Our record of Arctic expeditions will fitly close with a sketch of the cruise of the Pandora, a screw-yacht commanded by Captain Allen Young, which left England in the summer of 1876, in order to open up communications with the Admiralty expedition.

CHART
SHOWING THE DISCOVERIES
OF THE
BRITISH POLAR EXPEDITION
1875–76.

[From Map accompanying Official Report published in “Nature.”]

Captain Young left Upernavik on the evening of the 19th of July, and stood away to the northward—in bad weather, and with the wind blowing a gale. Through vast fields of ice he threaded his way, sometimes under sail, sometimes under steam, until, on the morning of the 24th, he found his ship completely surrounded, in lat. 75° 10’ N.

No time was lost in endeavouring to effect an escape by charging the ice at full speed,—again and again returning to the onset; and a slow but steady progress was being made, when the field in which they were held fast, drifting before the gale, “collided” with a group of grounded bergs, and exposed the little vessel to such severe pressure, that preparations were made for abandoning her. Provisions, ammunition, camping and travelling gear, all were made ready, and the boats were lowered as far as possible at the davits. Meantime, heavy charges of gunpowder were used to blast the ice where it pressed the ship most severely; and the bergs taking a different direction, the Pandora began to recover herself, and before night settled down nearly to her usual level. In the darkness of the night, with the wind howling, and the snow and sleet driving in heavy showers, she moved ahead with the pack; and in this way continued her progress until the 27th, when the weather cleared, and Captain Young discovered that he had advanced right into the heart of Melville Bay, with no water in sight. Full in view were Capes Walker and Melville, the Peaked Hill, and huge glacier-streams embedded in the intervening valleys. All around was one vast monotonous sheet of rugged ice. It was not until the 29th that the Pandora, after many hairbreadth escapes, got into open water, in lat. 75° 50’ N., and long. 64° 55’ W. While thus imprisoned in the grasp of the floe, the explorers killed only one Polar bear, four seals, and a few little auks.

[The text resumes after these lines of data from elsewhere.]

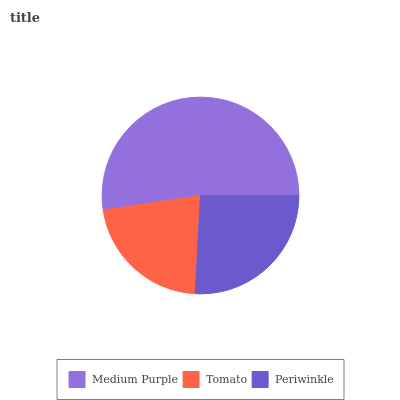Is Tomato the minimum?
Answer yes or no. Yes. Is Medium Purple the maximum?
Answer yes or no. Yes. Is Periwinkle the minimum?
Answer yes or no. No. Is Periwinkle the maximum?
Answer yes or no. No. Is Periwinkle greater than Tomato?
Answer yes or no. Yes. Is Tomato less than Periwinkle?
Answer yes or no. Yes. Is Tomato greater than Periwinkle?
Answer yes or no. No. Is Periwinkle less than Tomato?
Answer yes or no. No. Is Periwinkle the high median?
Answer yes or no. Yes. Is Periwinkle the low median?
Answer yes or no. Yes. Is Tomato the high median?
Answer yes or no. No. Is Tomato the low median?
Answer yes or no. No. 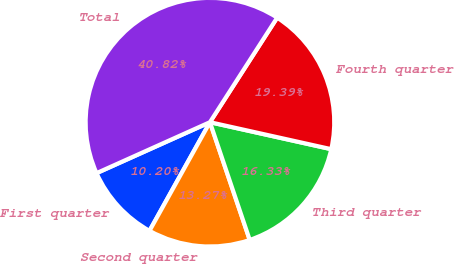<chart> <loc_0><loc_0><loc_500><loc_500><pie_chart><fcel>First quarter<fcel>Second quarter<fcel>Third quarter<fcel>Fourth quarter<fcel>Total<nl><fcel>10.2%<fcel>13.27%<fcel>16.33%<fcel>19.39%<fcel>40.82%<nl></chart>

In a clear sea they now stood away to the westward, passing Capes Dudley, Digges, and Athol, and other headlands familiar in the records of Arctic adventure. At noon on the 31st, when off Wolstenholm Island, another gale overtook them, increasing rapidly to almost hurricane fury. This was an unpleasant experience; for the deck was washed by heavy seas, and it was with the greatest difficulty they avoided coming into collision with the icebergs which drifted rapidly through the snow and spray.

Reaching Cary Island, they landed to examine Captain Nares’ depôt of provisions, and found it in good preservation. The cairn had not been visited since Young’s call at the island on the 10th of September in the previous year. Afterwards they made for Sutherland Island, where they found a record of the American explorer, Captain Hartstene, dated August 16, 1855. It is with a curious feeling that, in these regions of almost perpetual winter, the voyager comes upon such faint memorials of men who, like him, have dared all the perils of ice-floes and icebergs, and adventured into seas far beyond the track of ordinary commercial enterprise.

On Littleton Island, a record of the expedition was found. The document was dated July 28, 1875, and signed by Captain Nares; and it indicated the course about to be taken by the ships under his orders. Owing to the ice-encumbered condition of the straits, however, Captain Young could not follow it up; and instead of crossing to Cape Isabella, he resolved to examine the coast in Hartstene Bay, in order to seek a harbour for the relief-ship which the Admiralty had intended to send out in 1877, in case of the non-return of the Polar Expedition. This was found on the 4th of August, not far from the Eskimo settlement of Etah, and named after the Pandora. It would seem to offer every advantage as winter quarters for Arctic discovery-ships; the surrounding hills are “dotted with Arctic hares, appearing like snow-balls on the luxurious vegetation.” The little auk breeds in thousands on the cliffs, eider fowl and guillemots haunt the waters, and the adjacent valleys and pastures are frequented by reindeer.